YOUR INSTRUCTIONS »
This calls for a word-for-word copy of all the data, with each picture removed.

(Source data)
========================

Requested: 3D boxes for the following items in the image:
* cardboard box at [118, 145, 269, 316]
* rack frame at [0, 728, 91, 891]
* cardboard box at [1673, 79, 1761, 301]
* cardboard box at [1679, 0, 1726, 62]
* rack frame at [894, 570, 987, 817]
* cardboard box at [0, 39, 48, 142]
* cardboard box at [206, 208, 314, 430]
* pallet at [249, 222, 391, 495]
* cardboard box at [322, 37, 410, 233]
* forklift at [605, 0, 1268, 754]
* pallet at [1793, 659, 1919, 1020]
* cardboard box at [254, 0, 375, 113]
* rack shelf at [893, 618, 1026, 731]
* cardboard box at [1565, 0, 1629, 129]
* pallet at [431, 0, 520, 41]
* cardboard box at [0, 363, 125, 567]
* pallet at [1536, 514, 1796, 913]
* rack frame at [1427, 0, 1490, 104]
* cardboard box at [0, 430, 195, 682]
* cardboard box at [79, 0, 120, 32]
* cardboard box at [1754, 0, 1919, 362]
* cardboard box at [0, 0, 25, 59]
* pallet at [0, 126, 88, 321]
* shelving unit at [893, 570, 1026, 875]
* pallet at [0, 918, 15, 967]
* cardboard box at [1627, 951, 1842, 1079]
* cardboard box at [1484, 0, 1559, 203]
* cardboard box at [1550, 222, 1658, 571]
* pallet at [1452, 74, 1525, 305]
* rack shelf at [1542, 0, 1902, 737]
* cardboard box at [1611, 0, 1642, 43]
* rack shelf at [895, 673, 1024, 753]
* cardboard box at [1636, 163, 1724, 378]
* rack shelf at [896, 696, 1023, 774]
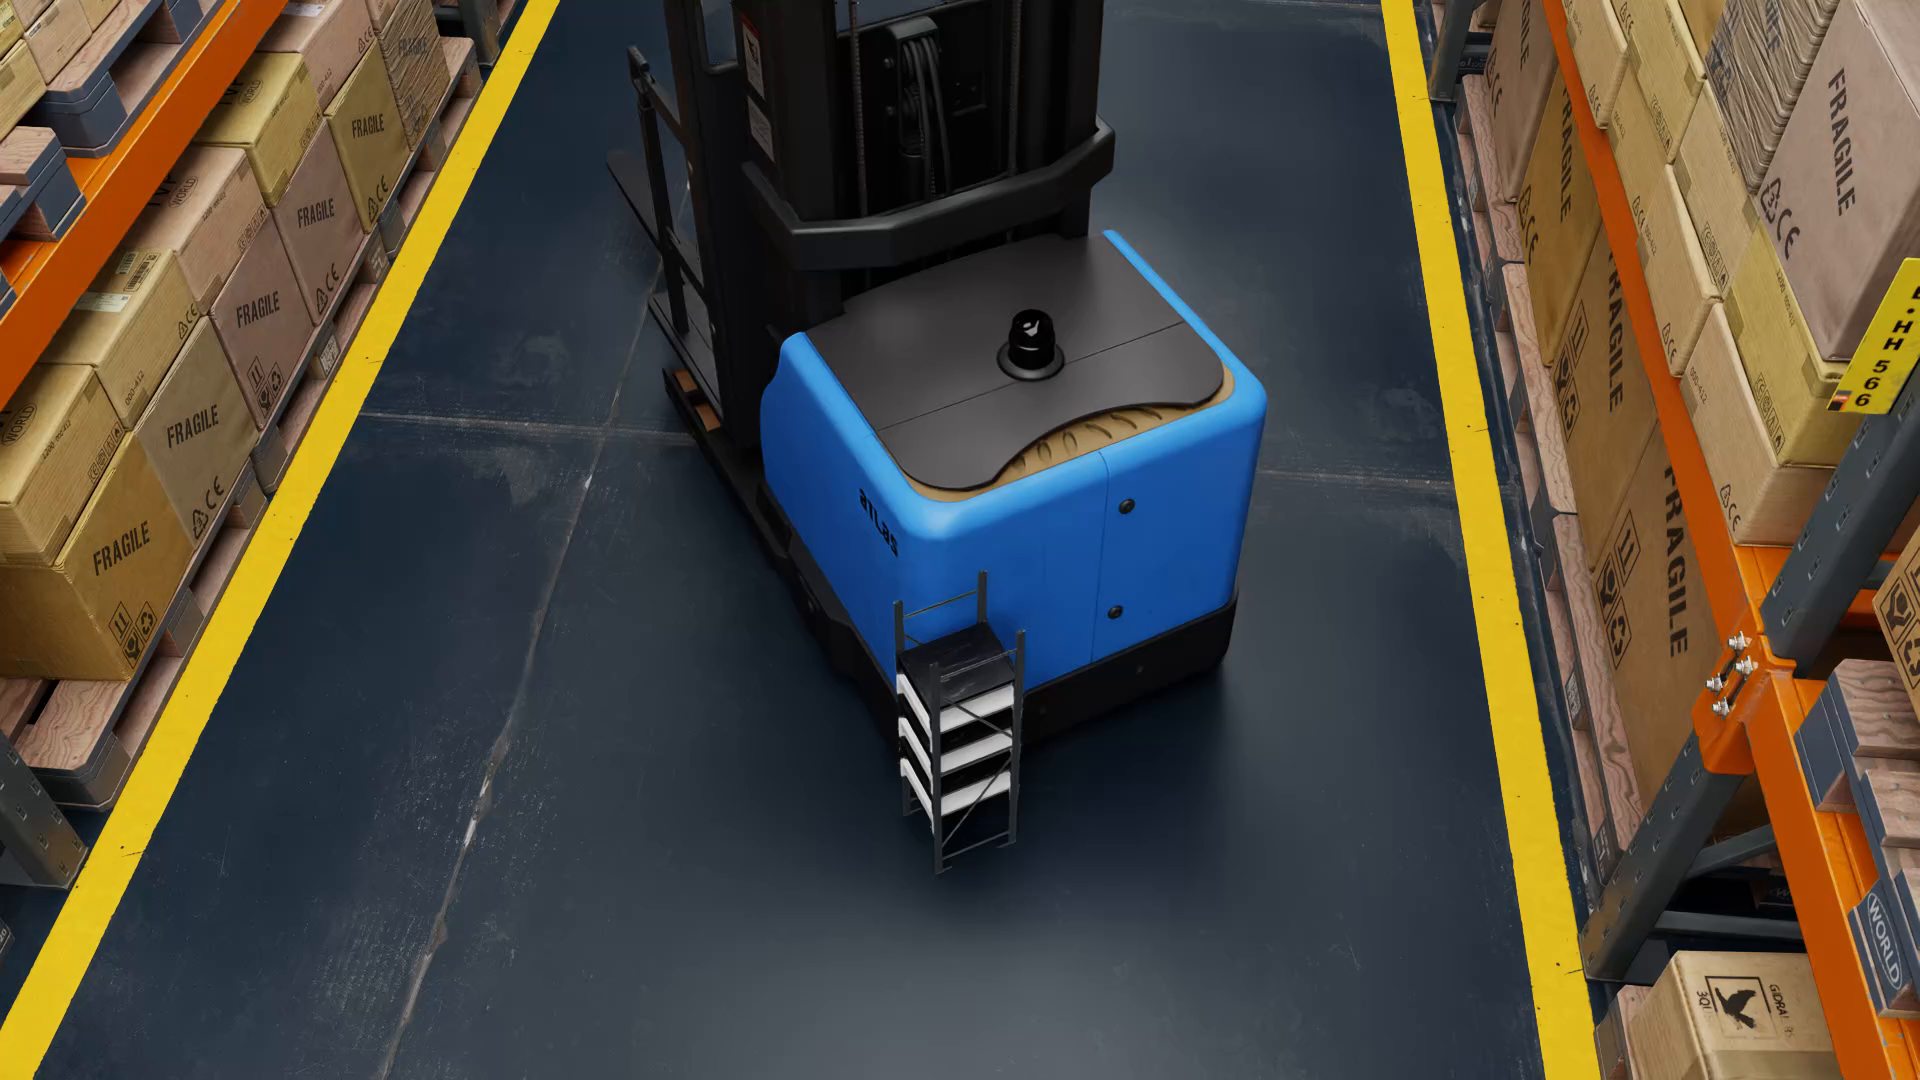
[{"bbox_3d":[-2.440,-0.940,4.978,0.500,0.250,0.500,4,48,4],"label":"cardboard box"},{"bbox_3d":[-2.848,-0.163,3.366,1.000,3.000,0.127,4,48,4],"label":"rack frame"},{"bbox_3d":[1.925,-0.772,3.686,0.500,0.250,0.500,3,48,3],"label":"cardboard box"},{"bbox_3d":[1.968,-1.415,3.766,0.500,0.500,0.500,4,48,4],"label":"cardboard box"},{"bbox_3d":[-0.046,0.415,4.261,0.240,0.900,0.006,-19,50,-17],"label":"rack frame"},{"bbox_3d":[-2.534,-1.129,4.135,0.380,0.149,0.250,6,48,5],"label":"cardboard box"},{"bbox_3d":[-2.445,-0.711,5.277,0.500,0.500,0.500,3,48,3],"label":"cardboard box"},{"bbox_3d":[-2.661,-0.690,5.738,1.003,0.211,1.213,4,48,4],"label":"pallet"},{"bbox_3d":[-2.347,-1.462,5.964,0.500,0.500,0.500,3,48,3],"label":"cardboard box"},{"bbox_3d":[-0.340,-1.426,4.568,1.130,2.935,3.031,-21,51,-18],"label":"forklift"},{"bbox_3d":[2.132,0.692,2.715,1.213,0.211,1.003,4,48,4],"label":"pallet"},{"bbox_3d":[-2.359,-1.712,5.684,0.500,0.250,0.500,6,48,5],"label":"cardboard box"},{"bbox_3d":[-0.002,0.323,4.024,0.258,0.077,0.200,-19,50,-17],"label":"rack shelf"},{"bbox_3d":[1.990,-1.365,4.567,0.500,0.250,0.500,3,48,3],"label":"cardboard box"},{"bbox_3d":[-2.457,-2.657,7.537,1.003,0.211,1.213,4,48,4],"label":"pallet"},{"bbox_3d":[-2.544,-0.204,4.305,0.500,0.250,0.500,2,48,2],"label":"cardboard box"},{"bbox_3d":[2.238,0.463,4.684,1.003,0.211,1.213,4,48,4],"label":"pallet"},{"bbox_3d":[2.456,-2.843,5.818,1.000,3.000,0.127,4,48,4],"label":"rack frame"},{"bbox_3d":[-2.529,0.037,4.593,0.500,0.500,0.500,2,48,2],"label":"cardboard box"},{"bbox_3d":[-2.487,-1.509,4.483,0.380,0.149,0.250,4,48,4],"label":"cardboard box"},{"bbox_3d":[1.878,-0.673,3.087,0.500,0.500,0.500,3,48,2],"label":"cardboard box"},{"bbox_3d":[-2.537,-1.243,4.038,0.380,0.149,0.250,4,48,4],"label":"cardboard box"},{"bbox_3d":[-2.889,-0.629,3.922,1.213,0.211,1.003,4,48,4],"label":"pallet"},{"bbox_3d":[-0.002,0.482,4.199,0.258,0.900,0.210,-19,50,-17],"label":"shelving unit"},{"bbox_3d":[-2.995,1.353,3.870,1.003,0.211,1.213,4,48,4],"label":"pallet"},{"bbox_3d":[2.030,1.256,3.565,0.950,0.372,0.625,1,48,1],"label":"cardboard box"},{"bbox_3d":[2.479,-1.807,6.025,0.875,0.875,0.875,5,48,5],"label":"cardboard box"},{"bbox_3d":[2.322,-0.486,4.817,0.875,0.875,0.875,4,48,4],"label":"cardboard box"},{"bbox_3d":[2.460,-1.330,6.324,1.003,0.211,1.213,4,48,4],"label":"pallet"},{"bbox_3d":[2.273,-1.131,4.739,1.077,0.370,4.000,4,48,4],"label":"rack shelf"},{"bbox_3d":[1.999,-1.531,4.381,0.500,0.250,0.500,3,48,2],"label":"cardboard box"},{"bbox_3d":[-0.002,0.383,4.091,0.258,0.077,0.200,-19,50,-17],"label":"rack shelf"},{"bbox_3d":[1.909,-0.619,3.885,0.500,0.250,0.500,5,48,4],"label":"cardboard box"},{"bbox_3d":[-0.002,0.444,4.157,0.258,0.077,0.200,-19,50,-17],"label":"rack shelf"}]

========================

OUTPUT »
Requested: 3D boxes for the following items in the image:
* cardboard box at [118, 145, 269, 316]
* rack frame at [0, 728, 91, 891]
* cardboard box at [1673, 79, 1761, 301]
* cardboard box at [1679, 0, 1726, 62]
* rack frame at [894, 570, 987, 817]
* cardboard box at [0, 39, 48, 142]
* cardboard box at [206, 208, 314, 430]
* pallet at [249, 222, 391, 495]
* cardboard box at [322, 37, 410, 233]
* forklift at [605, 0, 1268, 754]
* pallet at [1793, 659, 1919, 1020]
* cardboard box at [254, 0, 375, 113]
* rack shelf at [893, 618, 1026, 731]
* cardboard box at [1565, 0, 1629, 129]
* pallet at [431, 0, 520, 41]
* cardboard box at [0, 363, 125, 567]
* pallet at [1536, 514, 1796, 913]
* rack frame at [1427, 0, 1490, 104]
* cardboard box at [0, 430, 195, 682]
* cardboard box at [79, 0, 120, 32]
* cardboard box at [1754, 0, 1919, 362]
* cardboard box at [0, 0, 25, 59]
* pallet at [0, 126, 88, 321]
* shelving unit at [893, 570, 1026, 875]
* pallet at [0, 918, 15, 967]
* cardboard box at [1627, 951, 1842, 1079]
* cardboard box at [1484, 0, 1559, 203]
* cardboard box at [1550, 222, 1658, 571]
* pallet at [1452, 74, 1525, 305]
* rack shelf at [1542, 0, 1902, 737]
* cardboard box at [1611, 0, 1642, 43]
* rack shelf at [895, 673, 1024, 753]
* cardboard box at [1636, 163, 1724, 378]
* rack shelf at [896, 696, 1023, 774]
[{"bbox_3d":[-2.440,-0.940,4.978,0.500,0.250,0.500,4,48,4],"label":"cardboard box"},{"bbox_3d":[-2.848,-0.163,3.366,1.000,3.000,0.127,4,48,4],"label":"rack frame"},{"bbox_3d":[1.925,-0.772,3.686,0.500,0.250,0.500,3,48,3],"label":"cardboard box"},{"bbox_3d":[1.968,-1.415,3.766,0.500,0.500,0.500,4,48,4],"label":"cardboard box"},{"bbox_3d":[-0.046,0.415,4.261,0.240,0.900,0.006,-19,50,-17],"label":"rack frame"},{"bbox_3d":[-2.534,-1.129,4.135,0.380,0.149,0.250,6,48,5],"label":"cardboard box"},{"bbox_3d":[-2.445,-0.711,5.277,0.500,0.500,0.500,3,48,3],"label":"cardboard box"},{"bbox_3d":[-2.661,-0.690,5.738,1.003,0.211,1.213,4,48,4],"label":"pallet"},{"bbox_3d":[-2.347,-1.462,5.964,0.500,0.500,0.500,3,48,3],"label":"cardboard box"},{"bbox_3d":[-0.340,-1.426,4.568,1.130,2.935,3.031,-21,51,-18],"label":"forklift"},{"bbox_3d":[2.132,0.692,2.715,1.213,0.211,1.003,4,48,4],"label":"pallet"},{"bbox_3d":[-2.359,-1.712,5.684,0.500,0.250,0.500,6,48,5],"label":"cardboard box"},{"bbox_3d":[-0.002,0.323,4.024,0.258,0.077,0.200,-19,50,-17],"label":"rack shelf"},{"bbox_3d":[1.990,-1.365,4.567,0.500,0.250,0.500,3,48,3],"label":"cardboard box"},{"bbox_3d":[-2.457,-2.657,7.537,1.003,0.211,1.213,4,48,4],"label":"pallet"},{"bbox_3d":[-2.544,-0.204,4.305,0.500,0.250,0.500,2,48,2],"label":"cardboard box"},{"bbox_3d":[2.238,0.463,4.684,1.003,0.211,1.213,4,48,4],"label":"pallet"},{"bbox_3d":[2.456,-2.843,5.818,1.000,3.000,0.127,4,48,4],"label":"rack frame"},{"bbox_3d":[-2.529,0.037,4.593,0.500,0.500,0.500,2,48,2],"label":"cardboard box"},{"bbox_3d":[-2.487,-1.509,4.483,0.380,0.149,0.250,4,48,4],"label":"cardboard box"},{"bbox_3d":[1.878,-0.673,3.087,0.500,0.500,0.500,3,48,2],"label":"cardboard box"},{"bbox_3d":[-2.537,-1.243,4.038,0.380,0.149,0.250,4,48,4],"label":"cardboard box"},{"bbox_3d":[-2.889,-0.629,3.922,1.213,0.211,1.003,4,48,4],"label":"pallet"},{"bbox_3d":[-0.002,0.482,4.199,0.258,0.900,0.210,-19,50,-17],"label":"shelving unit"},{"bbox_3d":[-2.995,1.353,3.870,1.003,0.211,1.213,4,48,4],"label":"pallet"},{"bbox_3d":[2.030,1.256,3.565,0.950,0.372,0.625,1,48,1],"label":"cardboard box"},{"bbox_3d":[2.479,-1.807,6.025,0.875,0.875,0.875,5,48,5],"label":"cardboard box"},{"bbox_3d":[2.322,-0.486,4.817,0.875,0.875,0.875,4,48,4],"label":"cardboard box"},{"bbox_3d":[2.460,-1.330,6.324,1.003,0.211,1.213,4,48,4],"label":"pallet"},{"bbox_3d":[2.273,-1.131,4.739,1.077,0.370,4.000,4,48,4],"label":"rack shelf"},{"bbox_3d":[1.999,-1.531,4.381,0.500,0.250,0.500,3,48,2],"label":"cardboard box"},{"bbox_3d":[-0.002,0.383,4.091,0.258,0.077,0.200,-19,50,-17],"label":"rack shelf"},{"bbox_3d":[1.909,-0.619,3.885,0.500,0.250,0.500,5,48,4],"label":"cardboard box"},{"bbox_3d":[-0.002,0.444,4.157,0.258,0.077,0.200,-19,50,-17],"label":"rack shelf"}]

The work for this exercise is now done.